Your research database is already AI-ready context

The most useful data for AI-assisted research isn’t in the cloud; it’s in the databases you’ve been building for years. Pointing an AI agent at your Zotero library shifts the available context from individual documents to your entire research history. The capability works. What breaks immediately is your metadata.

I’ve been using Claude Code to read files on my computer for a couple of months now; mostly PDFs, markdown notes, and text files. Point it at a document, ask it to analyse, summarise, or cross-reference against something I’m writing. Useful, but not particularly remarkable.

Then I realised something that should have been obvious: it can read any file I have local access to. Including databases.

Specifically, it can read my Zotero library. Not just the PDFs I’ve collected over the years, but the database file itself, at zotero.sqlite. The entire structure: metadata, tags, collections, notes, reading dates. Fifteen years of research decisions encoded in queryable form.

What it looks like in practice

I might be working on a draft piece of work about AI and assessment design. Instead of manually searching my Zotero library, selecting relevant papers, and then asking Claude to read those specific PDFs, I can prompt: “Read this draft section. Query my Zotero database to identify the most likely supporting evidence aligned with the claims I’m making.”

Prompt

The Zotero database is at ~/Zotero/zotero.sqlite — treat it as read-only. Here is a draft paragraph: [paste text]. Query the database for the most relevant items and return titles, authors, and any notes I’ve added.

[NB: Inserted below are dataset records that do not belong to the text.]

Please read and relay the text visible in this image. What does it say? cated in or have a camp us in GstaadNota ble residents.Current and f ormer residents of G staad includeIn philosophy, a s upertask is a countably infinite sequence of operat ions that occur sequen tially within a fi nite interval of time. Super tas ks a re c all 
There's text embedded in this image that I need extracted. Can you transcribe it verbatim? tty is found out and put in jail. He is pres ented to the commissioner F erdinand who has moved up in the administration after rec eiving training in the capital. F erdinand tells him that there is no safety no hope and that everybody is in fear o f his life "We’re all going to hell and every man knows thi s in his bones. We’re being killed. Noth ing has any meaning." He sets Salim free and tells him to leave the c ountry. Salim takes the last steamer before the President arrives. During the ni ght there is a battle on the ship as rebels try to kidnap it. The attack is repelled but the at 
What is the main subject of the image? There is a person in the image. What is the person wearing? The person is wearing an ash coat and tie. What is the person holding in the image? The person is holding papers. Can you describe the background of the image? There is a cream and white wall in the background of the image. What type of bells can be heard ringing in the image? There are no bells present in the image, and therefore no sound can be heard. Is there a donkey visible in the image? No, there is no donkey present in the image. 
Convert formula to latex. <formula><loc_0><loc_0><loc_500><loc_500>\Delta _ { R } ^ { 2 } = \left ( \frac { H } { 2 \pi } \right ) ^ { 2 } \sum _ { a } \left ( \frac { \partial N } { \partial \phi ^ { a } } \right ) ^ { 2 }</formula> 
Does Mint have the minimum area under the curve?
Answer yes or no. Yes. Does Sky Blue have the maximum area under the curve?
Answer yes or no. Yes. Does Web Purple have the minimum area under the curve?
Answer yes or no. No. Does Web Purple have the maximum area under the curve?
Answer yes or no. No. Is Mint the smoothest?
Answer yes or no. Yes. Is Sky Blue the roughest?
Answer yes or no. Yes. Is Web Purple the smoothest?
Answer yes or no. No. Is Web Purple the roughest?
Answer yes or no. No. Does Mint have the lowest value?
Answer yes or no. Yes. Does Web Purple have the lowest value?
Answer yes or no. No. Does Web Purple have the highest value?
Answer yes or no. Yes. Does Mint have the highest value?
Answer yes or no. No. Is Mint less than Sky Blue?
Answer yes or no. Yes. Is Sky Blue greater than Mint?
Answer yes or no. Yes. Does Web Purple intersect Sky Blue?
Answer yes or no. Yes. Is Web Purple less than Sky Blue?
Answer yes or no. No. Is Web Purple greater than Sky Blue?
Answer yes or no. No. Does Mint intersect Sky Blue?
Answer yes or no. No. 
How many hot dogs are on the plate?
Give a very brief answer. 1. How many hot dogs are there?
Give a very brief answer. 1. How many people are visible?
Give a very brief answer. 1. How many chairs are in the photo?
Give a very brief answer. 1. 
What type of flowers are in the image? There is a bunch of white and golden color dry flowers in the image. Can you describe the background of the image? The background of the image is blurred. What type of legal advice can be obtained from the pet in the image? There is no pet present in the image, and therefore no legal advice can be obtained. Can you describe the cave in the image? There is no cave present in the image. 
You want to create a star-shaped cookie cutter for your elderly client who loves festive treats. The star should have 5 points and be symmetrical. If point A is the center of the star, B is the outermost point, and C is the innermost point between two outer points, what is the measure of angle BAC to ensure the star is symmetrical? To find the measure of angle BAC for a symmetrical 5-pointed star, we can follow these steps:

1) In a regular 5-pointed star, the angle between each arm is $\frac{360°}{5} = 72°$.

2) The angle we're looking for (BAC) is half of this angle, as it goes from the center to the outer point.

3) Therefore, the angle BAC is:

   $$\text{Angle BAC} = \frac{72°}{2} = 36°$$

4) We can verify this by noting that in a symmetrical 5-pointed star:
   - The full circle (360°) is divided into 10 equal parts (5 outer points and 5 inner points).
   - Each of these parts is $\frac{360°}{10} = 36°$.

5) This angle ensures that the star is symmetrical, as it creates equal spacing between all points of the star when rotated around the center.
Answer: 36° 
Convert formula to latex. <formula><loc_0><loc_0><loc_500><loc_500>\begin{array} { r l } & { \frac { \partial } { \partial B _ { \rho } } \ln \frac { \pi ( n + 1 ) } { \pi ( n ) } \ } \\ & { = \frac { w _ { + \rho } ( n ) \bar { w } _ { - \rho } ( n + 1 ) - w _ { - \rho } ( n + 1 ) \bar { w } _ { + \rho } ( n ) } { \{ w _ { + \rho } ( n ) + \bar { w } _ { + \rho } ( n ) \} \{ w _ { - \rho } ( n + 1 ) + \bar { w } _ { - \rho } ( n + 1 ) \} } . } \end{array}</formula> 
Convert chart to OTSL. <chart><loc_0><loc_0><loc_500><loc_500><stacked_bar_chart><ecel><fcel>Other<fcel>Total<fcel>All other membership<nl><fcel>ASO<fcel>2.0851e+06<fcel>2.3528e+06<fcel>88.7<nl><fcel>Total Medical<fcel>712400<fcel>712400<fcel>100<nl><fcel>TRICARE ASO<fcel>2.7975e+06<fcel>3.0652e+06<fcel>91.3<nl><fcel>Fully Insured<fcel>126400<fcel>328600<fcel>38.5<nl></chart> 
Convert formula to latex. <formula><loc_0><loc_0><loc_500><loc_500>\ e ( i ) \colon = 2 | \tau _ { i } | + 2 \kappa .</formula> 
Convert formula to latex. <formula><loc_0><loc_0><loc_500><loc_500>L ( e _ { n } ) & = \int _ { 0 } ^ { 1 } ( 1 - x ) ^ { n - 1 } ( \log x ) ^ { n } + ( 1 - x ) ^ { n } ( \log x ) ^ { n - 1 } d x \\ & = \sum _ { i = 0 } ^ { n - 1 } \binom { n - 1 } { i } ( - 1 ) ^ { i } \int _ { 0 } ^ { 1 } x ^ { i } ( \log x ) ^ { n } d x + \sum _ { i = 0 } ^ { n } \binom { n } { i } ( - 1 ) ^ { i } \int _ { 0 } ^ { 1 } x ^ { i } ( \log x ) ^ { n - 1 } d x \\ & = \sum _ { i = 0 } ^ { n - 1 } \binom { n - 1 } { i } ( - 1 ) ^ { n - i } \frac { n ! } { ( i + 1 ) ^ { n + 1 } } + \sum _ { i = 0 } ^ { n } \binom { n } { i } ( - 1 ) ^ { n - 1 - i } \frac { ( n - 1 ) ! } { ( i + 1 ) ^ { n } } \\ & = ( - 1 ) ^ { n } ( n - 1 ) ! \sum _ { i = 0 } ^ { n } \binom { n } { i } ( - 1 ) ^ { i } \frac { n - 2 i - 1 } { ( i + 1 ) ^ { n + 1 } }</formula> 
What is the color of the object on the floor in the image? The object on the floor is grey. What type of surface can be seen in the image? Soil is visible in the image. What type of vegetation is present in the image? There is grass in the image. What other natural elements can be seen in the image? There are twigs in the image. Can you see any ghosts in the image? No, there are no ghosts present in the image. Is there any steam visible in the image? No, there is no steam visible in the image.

Claude constructs the SQL queries, navigates the schema, and handles the structural complexity of the database. None of that requires my input. The agent queries the entire library at once. It knows what I have, when I saved it, how I tagged it, and what collections I’ve grouped it into. The available context for the AI agent expands from a single document to the entire research infrastructure.

Claude Code output showing five ranked references from an AI query of a Zotero library, each with author, title, and a reason for relevance to the draft paragraph

Claude Code querying a Zotero database and returning ranked references aligned with a draft paragraph about assessment design.

A caveat: direct database access isn’t the optimal approach for what I’m describing. Zotero offers access through its API (a structured interface designed for external tools), which is cleaner and safer, and I’ll write a separate post about using it to systematically tidy up my reference library. This post is a brief note documenting a proof of concept, not a recommendation.

What breaks

Access turns out to be the easy part. What Zotero revealed is a problem I hadn’t anticipated: AI agents can’t filter noise the way humans do. When Claude queries my library, it treats a poorly tagged conference abstract from 2011 with the same evidential weight as my core research from last month. Low-quality context isn’t just clutter. It actively degrades the quality of responses.

This makes metadata hygiene functionally critical. The “I’ll tag it properly later” habit, something I’m especially prone to, becomes expensive. Every piece of cruft in my reference library isn’t just something Claude scrolls past when searching; it gets retrieved and weighted as relevant evidence. What was invisible maintenance work becomes directly load-bearing for system performance.

The privacy trade-off is equally concrete. Every database query sends retrieved data to Claude’s servers for processing. My Zotero library contains my entire research history: what I’ve read, what I’ve considered worth keeping, what I’ve tagged as methodologically interesting versus theoretically important. The database stays local, but query results don’t. This isn’t hypothetical exposure; it’s the actual architecture of how local file access works with cloud-based language models.

What this means

Database access reveals the actual state of your data practices rather than the aspirational version. The system you imagine—clean tags, regular reviews, consistent metadata—meets the system you actually have. Accumulated cruft, deferred decisions, inconsistent naming conventions. What was previously invisible becomes measurable when an agent starts querying it for evidence.

The database lives on my filesystem. I control access, retention, structure, what gets tagged and how. The processing happens in Anthropic’s infrastructure, but the evidence base remains under my control in ways that fully cloud-based systems don’t offer. That matters, even if direct database access isn’t the long-term approach.

If you use a reference manager and an AI coding agent, the proof of concept is straightforward: point one at the other. What you learn about the state of your metadata will be more valuable than the queries themselves.